"Im starting to see my dream. The pictures flash like when someone takes a picture with a camera. But there's no person, and no camera. Flash, flash, flash. It's harder to see the pictures when the sun is up."
Charlie likes to sleep in complete darkness, no easy feat when he goes to bed long before the sun goes down. His shades are pretty good, but the four large windows allow it to creep in around the corners. Once, last fall, he got very mad at me because, "We go to sleep when it is the daytime and wake up when it is the nighttime and this just makes no sense."
He's right, but I didn't make the bus schedule.

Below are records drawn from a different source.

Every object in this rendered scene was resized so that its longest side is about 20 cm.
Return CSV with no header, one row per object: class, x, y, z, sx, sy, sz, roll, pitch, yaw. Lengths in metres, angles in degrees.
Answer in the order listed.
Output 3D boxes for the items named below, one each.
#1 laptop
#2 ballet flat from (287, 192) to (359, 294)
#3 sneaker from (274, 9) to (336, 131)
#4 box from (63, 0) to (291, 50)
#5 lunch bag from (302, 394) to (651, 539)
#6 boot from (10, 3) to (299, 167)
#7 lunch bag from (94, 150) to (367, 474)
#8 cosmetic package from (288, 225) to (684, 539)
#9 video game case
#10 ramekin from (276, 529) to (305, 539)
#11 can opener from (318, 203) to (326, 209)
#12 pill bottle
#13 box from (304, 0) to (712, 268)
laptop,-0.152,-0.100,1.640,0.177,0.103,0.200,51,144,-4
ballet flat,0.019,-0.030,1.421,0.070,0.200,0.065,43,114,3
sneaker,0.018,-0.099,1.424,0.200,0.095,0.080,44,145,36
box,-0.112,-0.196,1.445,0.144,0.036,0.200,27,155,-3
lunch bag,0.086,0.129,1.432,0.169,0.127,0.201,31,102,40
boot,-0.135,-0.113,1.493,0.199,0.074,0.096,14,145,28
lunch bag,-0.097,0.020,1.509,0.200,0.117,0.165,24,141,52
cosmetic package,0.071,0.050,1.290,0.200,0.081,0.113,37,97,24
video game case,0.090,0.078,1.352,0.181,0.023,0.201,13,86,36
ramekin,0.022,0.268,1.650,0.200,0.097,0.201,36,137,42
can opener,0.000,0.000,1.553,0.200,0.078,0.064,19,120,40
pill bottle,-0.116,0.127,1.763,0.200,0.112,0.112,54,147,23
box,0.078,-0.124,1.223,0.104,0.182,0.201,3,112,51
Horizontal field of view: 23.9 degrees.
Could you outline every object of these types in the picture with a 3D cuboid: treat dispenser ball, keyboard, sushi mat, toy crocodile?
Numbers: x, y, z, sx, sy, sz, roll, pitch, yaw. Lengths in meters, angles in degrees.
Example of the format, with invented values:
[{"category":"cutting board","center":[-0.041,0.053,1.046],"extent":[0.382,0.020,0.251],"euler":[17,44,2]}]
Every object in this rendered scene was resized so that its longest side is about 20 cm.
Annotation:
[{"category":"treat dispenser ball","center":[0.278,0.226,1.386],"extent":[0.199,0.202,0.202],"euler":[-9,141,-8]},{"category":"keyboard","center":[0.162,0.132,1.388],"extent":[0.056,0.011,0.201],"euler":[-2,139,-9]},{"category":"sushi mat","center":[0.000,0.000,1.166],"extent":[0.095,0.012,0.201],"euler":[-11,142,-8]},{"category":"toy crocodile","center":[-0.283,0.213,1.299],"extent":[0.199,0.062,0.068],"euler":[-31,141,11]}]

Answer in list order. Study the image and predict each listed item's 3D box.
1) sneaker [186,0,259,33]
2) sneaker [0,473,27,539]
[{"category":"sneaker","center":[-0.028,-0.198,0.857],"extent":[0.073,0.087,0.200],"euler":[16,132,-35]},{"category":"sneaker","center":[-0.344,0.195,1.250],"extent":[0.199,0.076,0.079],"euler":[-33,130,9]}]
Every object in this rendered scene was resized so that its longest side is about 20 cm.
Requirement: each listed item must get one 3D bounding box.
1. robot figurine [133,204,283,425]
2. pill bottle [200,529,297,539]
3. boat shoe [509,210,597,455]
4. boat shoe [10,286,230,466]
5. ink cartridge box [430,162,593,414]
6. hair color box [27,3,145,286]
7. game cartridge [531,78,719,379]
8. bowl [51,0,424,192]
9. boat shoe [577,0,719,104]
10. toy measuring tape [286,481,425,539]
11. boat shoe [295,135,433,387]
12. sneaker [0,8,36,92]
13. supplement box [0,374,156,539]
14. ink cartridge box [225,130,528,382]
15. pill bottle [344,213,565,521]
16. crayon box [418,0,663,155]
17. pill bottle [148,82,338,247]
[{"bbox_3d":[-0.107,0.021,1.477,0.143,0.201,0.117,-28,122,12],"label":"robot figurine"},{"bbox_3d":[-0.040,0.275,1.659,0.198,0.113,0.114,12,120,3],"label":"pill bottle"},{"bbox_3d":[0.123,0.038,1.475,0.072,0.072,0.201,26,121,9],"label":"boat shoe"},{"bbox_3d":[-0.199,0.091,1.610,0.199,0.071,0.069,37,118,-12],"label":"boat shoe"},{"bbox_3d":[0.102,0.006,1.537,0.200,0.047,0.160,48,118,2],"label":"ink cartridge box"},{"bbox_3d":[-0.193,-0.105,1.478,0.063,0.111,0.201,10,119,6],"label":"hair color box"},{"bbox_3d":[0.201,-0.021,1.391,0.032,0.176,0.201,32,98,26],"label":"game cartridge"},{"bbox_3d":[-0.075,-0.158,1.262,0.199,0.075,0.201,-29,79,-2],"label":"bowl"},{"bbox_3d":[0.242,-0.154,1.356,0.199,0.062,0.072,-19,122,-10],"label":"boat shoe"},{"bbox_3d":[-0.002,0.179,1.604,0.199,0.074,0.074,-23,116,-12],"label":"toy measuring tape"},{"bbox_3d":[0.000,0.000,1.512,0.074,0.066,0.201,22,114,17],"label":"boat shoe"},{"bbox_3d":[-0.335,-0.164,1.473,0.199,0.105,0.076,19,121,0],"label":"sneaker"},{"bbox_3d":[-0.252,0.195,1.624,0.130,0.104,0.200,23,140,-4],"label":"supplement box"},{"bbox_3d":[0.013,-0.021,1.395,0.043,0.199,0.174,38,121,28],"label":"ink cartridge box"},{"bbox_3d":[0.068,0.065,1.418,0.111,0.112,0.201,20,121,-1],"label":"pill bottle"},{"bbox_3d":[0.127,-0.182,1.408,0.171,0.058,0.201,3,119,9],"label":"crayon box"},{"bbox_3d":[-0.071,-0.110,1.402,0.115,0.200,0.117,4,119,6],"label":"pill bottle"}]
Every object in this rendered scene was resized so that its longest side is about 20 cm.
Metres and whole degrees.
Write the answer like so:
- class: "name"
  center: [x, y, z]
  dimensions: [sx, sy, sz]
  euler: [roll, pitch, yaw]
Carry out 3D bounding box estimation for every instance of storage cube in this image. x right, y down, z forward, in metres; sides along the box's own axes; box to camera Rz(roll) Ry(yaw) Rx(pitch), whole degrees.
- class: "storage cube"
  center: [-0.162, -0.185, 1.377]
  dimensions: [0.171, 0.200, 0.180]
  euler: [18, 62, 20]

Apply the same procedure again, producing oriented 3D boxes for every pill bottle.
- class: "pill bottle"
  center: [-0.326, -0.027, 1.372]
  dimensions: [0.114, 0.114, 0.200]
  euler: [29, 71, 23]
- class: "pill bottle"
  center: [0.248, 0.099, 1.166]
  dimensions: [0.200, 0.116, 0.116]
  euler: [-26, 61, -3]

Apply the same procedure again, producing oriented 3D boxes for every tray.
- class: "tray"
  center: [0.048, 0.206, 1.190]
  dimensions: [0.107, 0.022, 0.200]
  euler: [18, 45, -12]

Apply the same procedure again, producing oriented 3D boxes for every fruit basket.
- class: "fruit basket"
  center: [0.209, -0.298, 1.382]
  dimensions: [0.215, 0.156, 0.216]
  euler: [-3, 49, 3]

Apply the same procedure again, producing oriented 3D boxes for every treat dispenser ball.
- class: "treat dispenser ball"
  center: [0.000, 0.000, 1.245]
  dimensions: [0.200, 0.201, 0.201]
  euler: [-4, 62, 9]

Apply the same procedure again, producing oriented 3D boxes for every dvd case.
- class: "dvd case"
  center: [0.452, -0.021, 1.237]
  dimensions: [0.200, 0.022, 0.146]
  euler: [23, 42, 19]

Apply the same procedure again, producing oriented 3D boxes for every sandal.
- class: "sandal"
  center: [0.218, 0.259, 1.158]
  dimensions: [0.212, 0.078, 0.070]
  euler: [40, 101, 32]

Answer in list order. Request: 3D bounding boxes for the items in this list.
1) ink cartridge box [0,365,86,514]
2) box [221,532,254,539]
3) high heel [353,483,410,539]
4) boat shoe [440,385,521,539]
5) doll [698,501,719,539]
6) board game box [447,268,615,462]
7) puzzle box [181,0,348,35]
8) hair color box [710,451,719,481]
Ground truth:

At Easter we went on a family retreat at our new church. I was initially skeptical, but was sold by the notion of no dressing sugar filled children up in layers of fluff to endure an extra long, extra full church service then try to take those hungry children home and make them wait we while I throw together something fancy.
Instead we had church in our shorts down by the riverside in the cool morning breeze. The day before was like a scene from a movie. A couple hundred people on the green, soft hilly grass. Someone playing guitar with a guy beating on a djembe, people canoeing and swimming, bubbles blowing and kids playing. Talking, laughing, fun. It made me miss Austin. It felt like Austin. All that was missing was a dog with a frisbee and some teenagers with a hackey sack.
Charlie thought about God that weekend and told me that, "God must have two hands, that way He could make us both." I was drawn in by that beautiful, loving image and was thinking to myself for just a moment that Charlie is really growing things up, really thinking things through.
But just for a moment, because he then informed me, "And God made chickens so they could rule the galaxy!"
This notion has cracked me up for weeks now. I asked him once why we ate them, if they do indeed rule the galaxy. He informed me that this was part of their plan . . . once they are inside of us, the takeover can begin.
So perhaps vegetarians are saving us from a fowl future?
He also told me this morning that "My life is very hard." Unfortunately, the poor sweet boy is right about this. He gets so angry and he can't stop. He says, "When I am angry, it never goes away."
He has come so far on so many fronts, but his anger and rage are wearing us all thin. It is not a constant, but seems to pop up at moments that are supposed to be happy and fun, but out of the ordinary. I spent church on Mother's Day outside with a screaming boy and then Thursday I pulled a wagon of screaming boy through a parade at the girls' school.
He is so high functioning that I forget sometimes how much he needs structure, planning and control. Since I tend to be very spur of the moment and am all for spontaneous fun, I'm not always good at preparing him for what is happening. I think our busyness doesn't always work in his favor.
But there are three of them. Five of us. His needs can't always dictate our plans. The girls are learning so much about compassion and patience from having Charlie as a little brother, but sometimes I'm worried that his needs hold them back. So then I try to make sure they get to experience everything while limiting his world to the things he can handle and preparing him for the things that can't.
And then I am frequently told I look tired.
But I just have to eat more chicken and hold out until they take charge. Perhaps they can do a better job of it all?